Set down every record below exactly as it stands, minus the pictures.

-- Opening Marker --

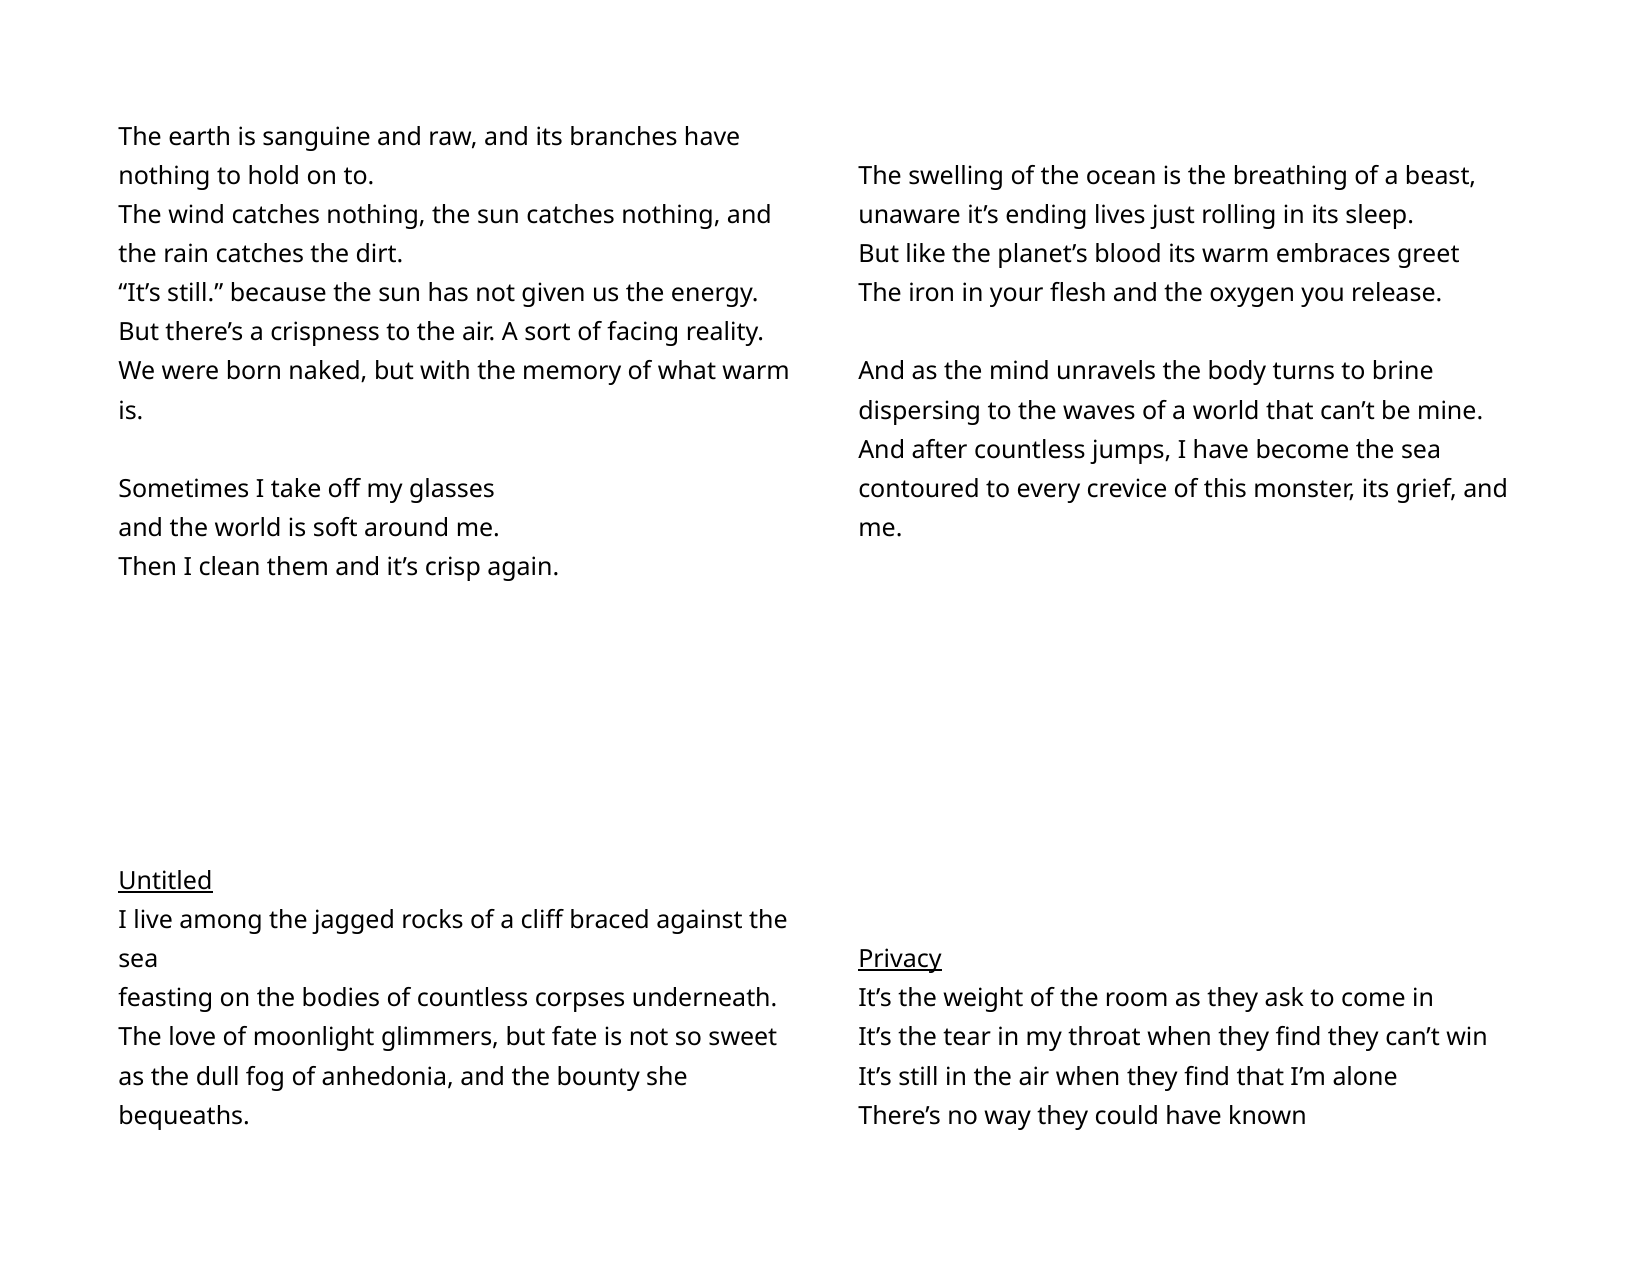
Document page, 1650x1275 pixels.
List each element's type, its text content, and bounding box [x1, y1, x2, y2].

text The wind catches nothing, the sun catches nothing, and the rain catches the dirt. [118, 196, 792, 270]
text We were born naked, but with the memory of what warm is. [118, 353, 792, 426]
text “It’s still.” because the sun has not given us the energy. [118, 275, 792, 309]
text feasting on the bodies of countless corpses underneath. [118, 980, 792, 1014]
text as the dull fog of anhedonia, and the bounty she bequeaths. [118, 1058, 792, 1131]
text And after countless jumps, I have become the sea [858, 431, 1532, 466]
text and the world is soft around me. [118, 510, 792, 544]
text It’s the weight of the room as they ask to come in [858, 980, 1532, 1014]
text Privacy [858, 941, 1532, 975]
text And as the mind unravels the body turns to brine [858, 353, 1532, 387]
text contoured to every crevice of this monster, its grief, and me. [858, 471, 1532, 544]
text The iron in your flesh and the oxygen you release. [858, 275, 1532, 309]
text It’s still in the air when they find that I’m alone [858, 1058, 1532, 1092]
text I live among the jagged rocks of a cliff braced against the sea [118, 901, 792, 975]
text The earth is sanguine and raw, and its branches have nothing to hold on to. [118, 118, 792, 191]
text The love of moonlight glimmers, but fate is not so sweet [118, 1019, 792, 1053]
text There’s no way they could have known [858, 1097, 1532, 1131]
text But there’s a crispness to the air. A sort of facing reality. [118, 314, 792, 348]
text Untitled [118, 862, 792, 896]
text unaware it’s ending lives just rolling in its sleep. [858, 196, 1532, 231]
text The swelling of the ocean is the breathing of a beast, [858, 157, 1532, 191]
text But like the planet’s blood its warm embraces greet [858, 236, 1532, 270]
text Then I clean them and it’s crisp again. [118, 549, 792, 583]
text Sometimes I take off my glasses [118, 471, 792, 505]
text It’s the tear in my throat when they find they can’t win [858, 1019, 1532, 1053]
text dispersing to the waves of a world that can’t be mine. [858, 392, 1532, 426]

-- Closing Marker --

• **Response to this exercise**
Document page, 1650x1275 pixels.
List each element's type, its text content, and bounding box [x1, y1, x2, y2].

text The wind catches nothing, the sun catches nothing, and the rain catches the dirt. [118, 196, 792, 270]
text We were born naked, but with the memory of what warm is. [118, 353, 792, 426]
text “It’s still.” because the sun has not given us the energy. [118, 275, 792, 309]
text feasting on the bodies of countless corpses underneath. [118, 980, 792, 1014]
text as the dull fog of anhedonia, and the bounty she bequeaths. [118, 1058, 792, 1131]
text And after countless jumps, I have become the sea [858, 431, 1532, 466]
text and the world is soft around me. [118, 510, 792, 544]
text It’s the weight of the room as they ask to come in [858, 980, 1532, 1014]
text Privacy [858, 941, 1532, 975]
text And as the mind unravels the body turns to brine [858, 353, 1532, 387]
text contoured to every crevice of this monster, its grief, and me. [858, 471, 1532, 544]
text The iron in your flesh and the oxygen you release. [858, 275, 1532, 309]
text It’s still in the air when they find that I’m alone [858, 1058, 1532, 1092]
text I live among the jagged rocks of a cliff braced against the sea [118, 901, 792, 975]
text The earth is sanguine and raw, and its branches have nothing to hold on to. [118, 118, 792, 191]
text The love of moonlight glimmers, but fate is not so sweet [118, 1019, 792, 1053]
text There’s no way they could have known [858, 1097, 1532, 1131]
text But there’s a crispness to the air. A sort of facing reality. [118, 314, 792, 348]
text Untitled [118, 862, 792, 896]
text unaware it’s ending lives just rolling in its sleep. [858, 196, 1532, 231]
text The swelling of the ocean is the breathing of a beast, [858, 157, 1532, 191]
text But like the planet’s blood its warm embraces greet [858, 236, 1532, 270]
text Then I clean them and it’s crisp again. [118, 549, 792, 583]
text Sometimes I take off my glasses [118, 471, 792, 505]
text It’s the tear in my throat when they find they can’t win [858, 1019, 1532, 1053]
text dispersing to the waves of a world that can’t be mine. [858, 392, 1532, 426]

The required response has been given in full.